By providing personalized answers according to the specific conditions and the treatment records of the patients, the technical scheme can more accurately respond to the nursing demands of different patients, provide targeted nursing suggestions and guidance for the patients, and improve the efficiency and user satisfaction of the nursing question-answering system.

The above application scenario is only an example, and the method and system of the present invention can also be applied to intelligent care solution response of other care problems.
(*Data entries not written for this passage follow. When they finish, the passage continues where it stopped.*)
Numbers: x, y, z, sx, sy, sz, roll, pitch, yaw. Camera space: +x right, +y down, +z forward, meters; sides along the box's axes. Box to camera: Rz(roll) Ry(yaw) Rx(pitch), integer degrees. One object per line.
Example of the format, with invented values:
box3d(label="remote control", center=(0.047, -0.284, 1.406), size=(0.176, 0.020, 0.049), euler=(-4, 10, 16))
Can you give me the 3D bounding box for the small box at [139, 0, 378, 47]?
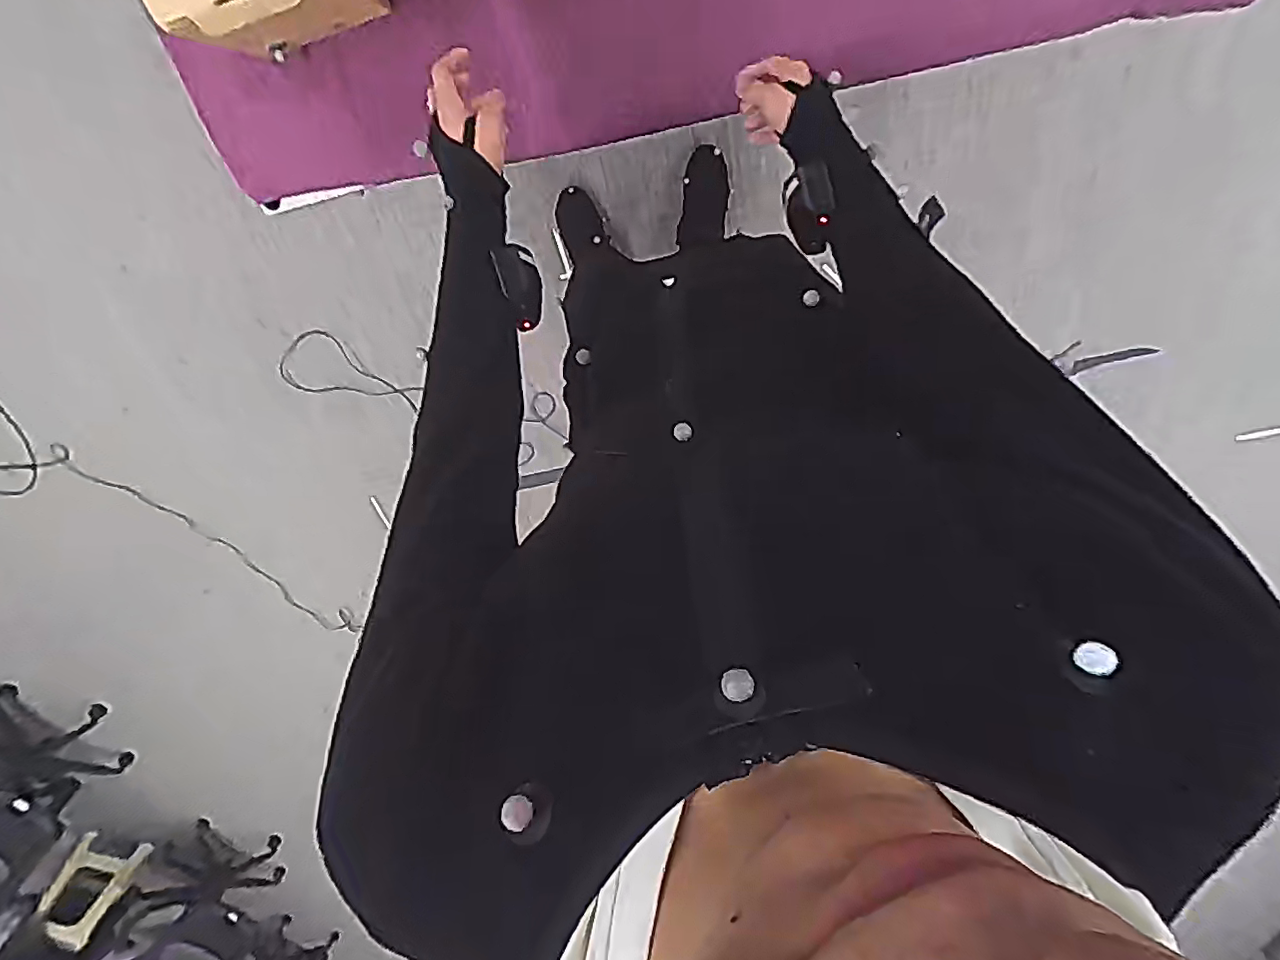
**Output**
box3d(label="small box", center=(-0.384, -0.540, 0.507), size=(0.168, 0.176, 0.179), euler=(-14, 119, 7))
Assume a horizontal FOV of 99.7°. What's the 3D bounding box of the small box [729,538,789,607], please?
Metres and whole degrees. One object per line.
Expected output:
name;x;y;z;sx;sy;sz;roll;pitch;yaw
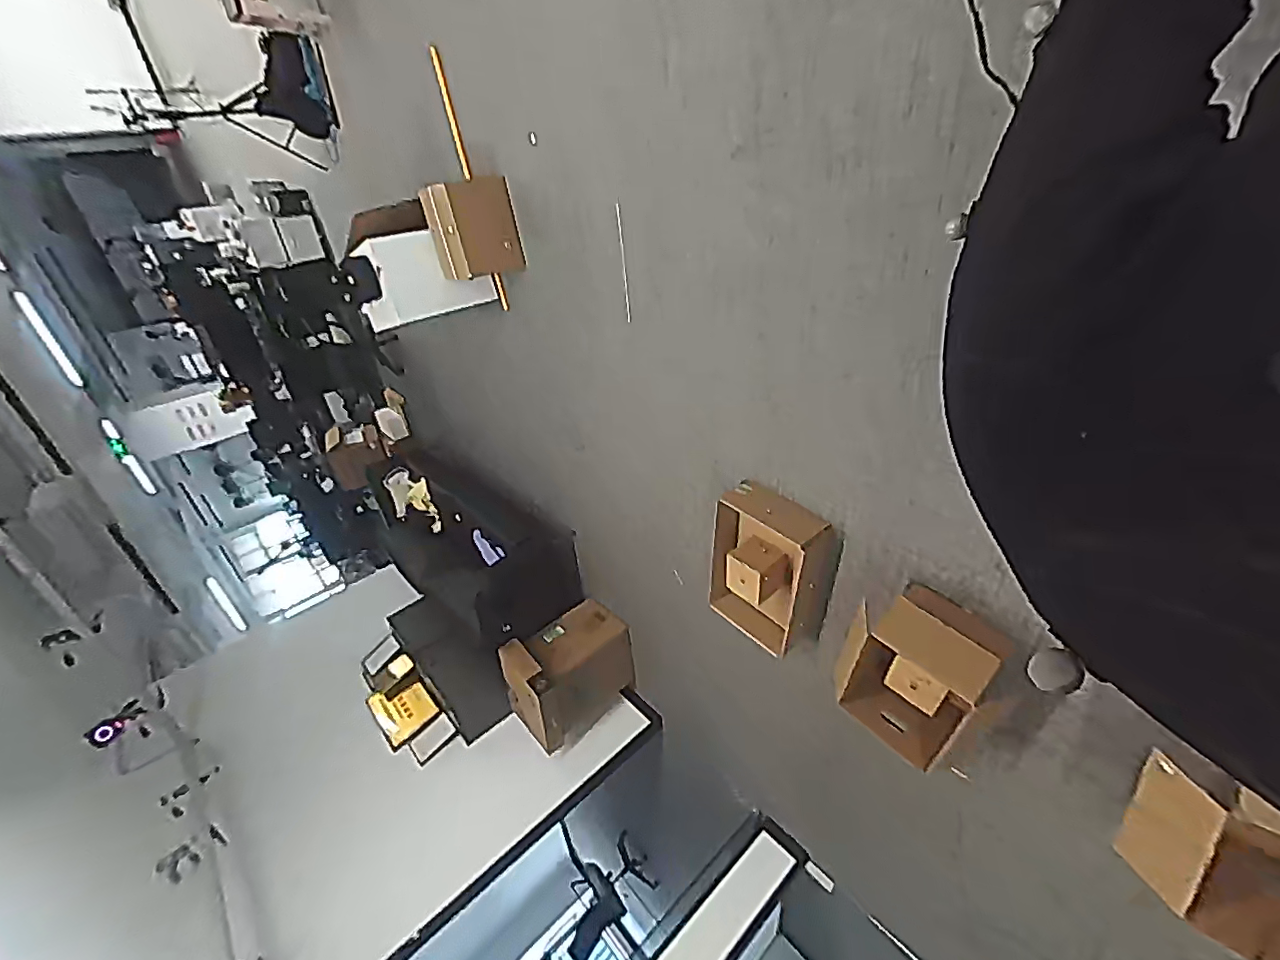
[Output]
small box;0.472;0.361;2.141;0.168;0.176;0.179;29;135;42

The foregoing is merely a preferred embodiment of the present invention and it should be noted that modifications and adaptations to those skilled in the art may be made without departing from the principles of the present invention, which are intended to be comprehended within the scope of the present invention.

Claims

1. An intelligent care scheme response method is characterized by comprising the following steps of:

wherein n is the sample size; m is the class of the tag; eta is the activation function, is the model to sample x ⁽ⁱ⁾ Is a predictive probability distribution of (1); j. k and l are node subscripts of the window layer, the hidden layer and the output layer respectively;and->Is a parameter of the model, and represents weights from the input layer to the hidden layer and from the hidden layer to the output layer respectively; h is the number of hidden layer nodes; c is the window size; d is the dimension of the word vector; w is a parameter of the first layer network; v is a parameter of the hidden layer; c is a regularization term identified by the nursing information entity;

2. The intelligent care regimen response method of claim 1, wherein in step S2, a parallel depth-first algorithm is employed in the phased form of the query process to increase the query efficiency.

3. The intelligent care regimen response method as recited in claim 2, wherein in step S2, the parallel depth-first algorithm comprises the steps of:

4. A method of answering a smart care regimen according to any one of claims 1-3, wherein the staged form of query of step S2 includes the steps of:

5. The intelligent care regimen response method as recited in claim 1, wherein in step S4, the regularization term C identified by the care information entity in formula (i) is obtained as follows:

6. the intelligent nursing scheme response system is characterized by comprising a question receiving module, a question response module and a nursing scheme output module;

a question answering module comprising a computer readable storage medium embodying a computer program for implementing the method of any one of claims 1 to 5.